In the records below, find the line holding "Keep it short and to the point. Yes." and the line holding "Keep it short and to the point. Rubber.". Set down both, with every line between them, exactly.

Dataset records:
++++++
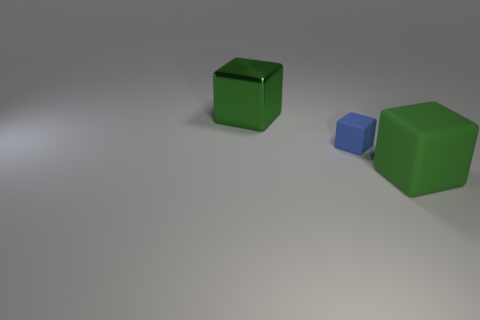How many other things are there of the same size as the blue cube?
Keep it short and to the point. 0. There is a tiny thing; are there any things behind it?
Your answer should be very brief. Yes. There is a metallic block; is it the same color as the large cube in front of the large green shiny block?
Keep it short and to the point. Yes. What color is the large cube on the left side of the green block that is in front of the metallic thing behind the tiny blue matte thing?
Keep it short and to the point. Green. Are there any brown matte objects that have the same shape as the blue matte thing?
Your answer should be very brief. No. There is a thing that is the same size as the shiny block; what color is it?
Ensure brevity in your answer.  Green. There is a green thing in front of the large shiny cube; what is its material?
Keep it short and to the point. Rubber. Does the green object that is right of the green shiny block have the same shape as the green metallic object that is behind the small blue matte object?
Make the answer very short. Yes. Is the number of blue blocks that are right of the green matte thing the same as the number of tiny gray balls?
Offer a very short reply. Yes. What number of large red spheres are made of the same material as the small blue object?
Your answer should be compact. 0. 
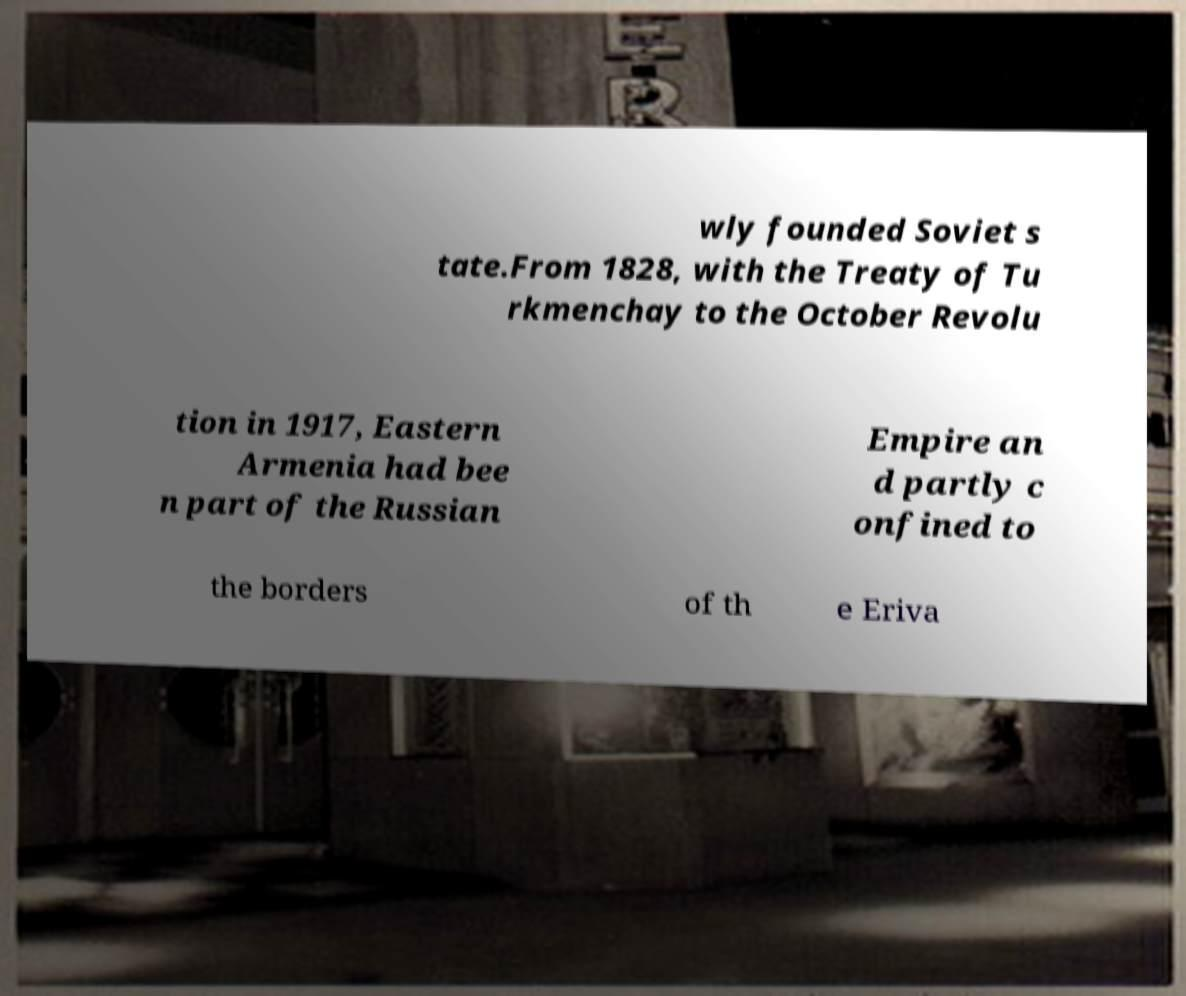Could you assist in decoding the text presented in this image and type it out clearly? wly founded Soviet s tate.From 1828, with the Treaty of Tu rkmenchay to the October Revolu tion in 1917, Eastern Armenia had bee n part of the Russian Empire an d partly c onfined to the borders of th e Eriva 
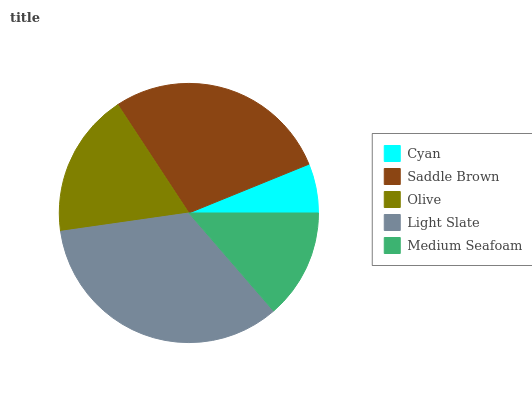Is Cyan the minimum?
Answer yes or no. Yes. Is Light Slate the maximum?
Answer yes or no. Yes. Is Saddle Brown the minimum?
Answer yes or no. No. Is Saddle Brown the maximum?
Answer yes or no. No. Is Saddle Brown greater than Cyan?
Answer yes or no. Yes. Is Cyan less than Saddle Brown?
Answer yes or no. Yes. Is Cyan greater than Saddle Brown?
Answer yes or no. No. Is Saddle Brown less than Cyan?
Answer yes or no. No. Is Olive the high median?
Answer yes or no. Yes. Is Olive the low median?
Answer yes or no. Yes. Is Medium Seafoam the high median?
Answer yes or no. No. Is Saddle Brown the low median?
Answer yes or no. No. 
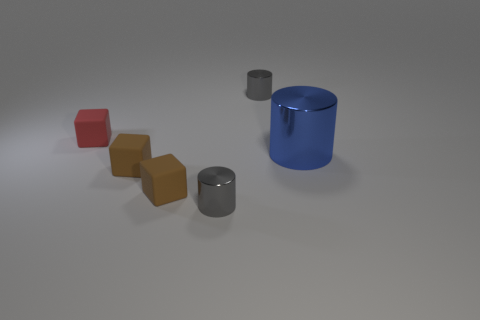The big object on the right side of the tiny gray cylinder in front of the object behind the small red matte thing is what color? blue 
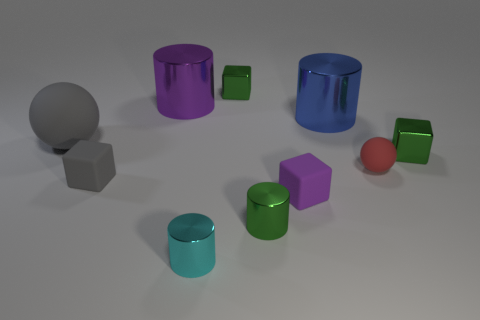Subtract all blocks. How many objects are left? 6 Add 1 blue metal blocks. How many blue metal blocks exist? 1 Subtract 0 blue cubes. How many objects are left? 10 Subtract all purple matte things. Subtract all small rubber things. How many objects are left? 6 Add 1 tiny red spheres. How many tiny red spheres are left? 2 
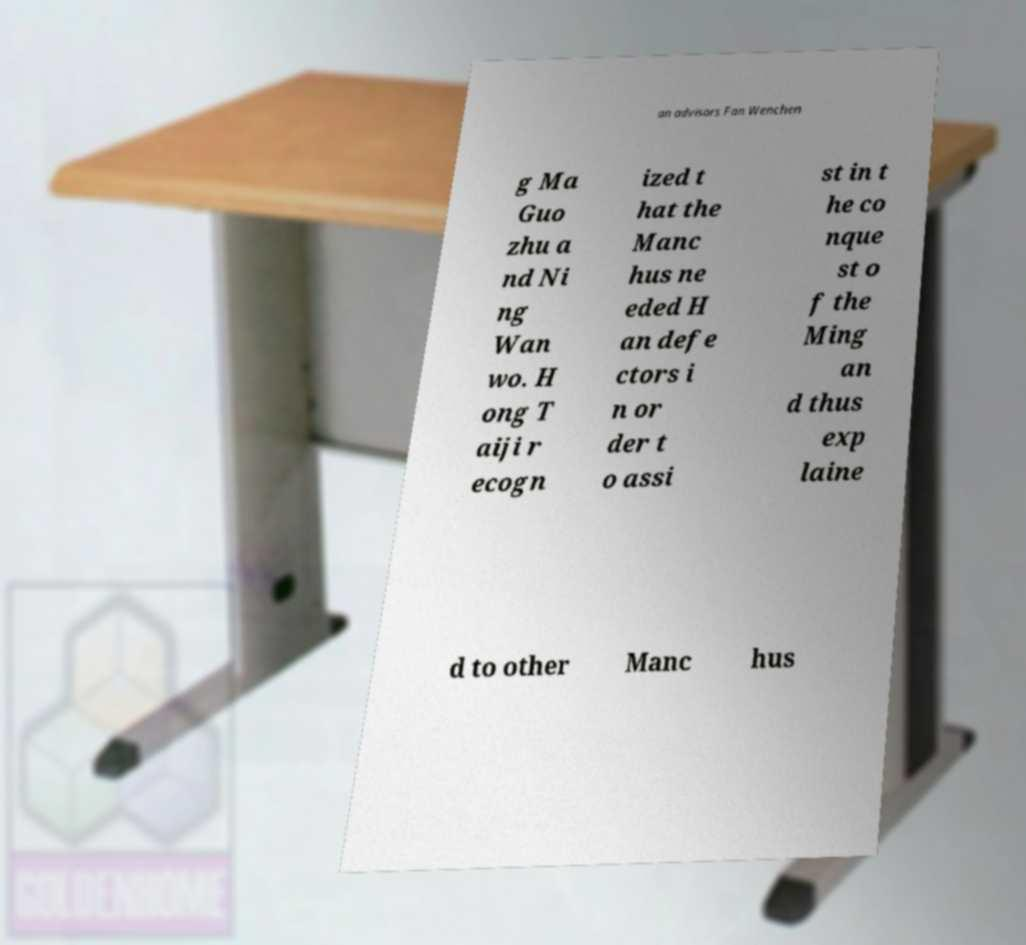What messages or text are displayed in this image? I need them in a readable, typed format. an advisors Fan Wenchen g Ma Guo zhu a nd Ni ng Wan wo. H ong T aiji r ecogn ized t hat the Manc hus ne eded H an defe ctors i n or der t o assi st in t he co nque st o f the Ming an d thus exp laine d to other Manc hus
++++++
EXPECTED ANSWER:
Keep it short and to the point. Yes. What color is the large cube on the left side of the green block that is in front of the metallic thing behind the tiny blue matte thing?
Keep it short and to the point. Green. Are there any brown matte objects that have the same shape as the blue matte thing?
Your answer should be very brief. No. There is a thing that is the same size as the shiny block; what color is it?
Ensure brevity in your answer.  Green. There is a green thing in front of the large shiny cube; what is its material?
Keep it short and to the point. Rubber. Does the green object that is right of the green shiny block have the same shape as the green metallic object that is behind the small blue matte object?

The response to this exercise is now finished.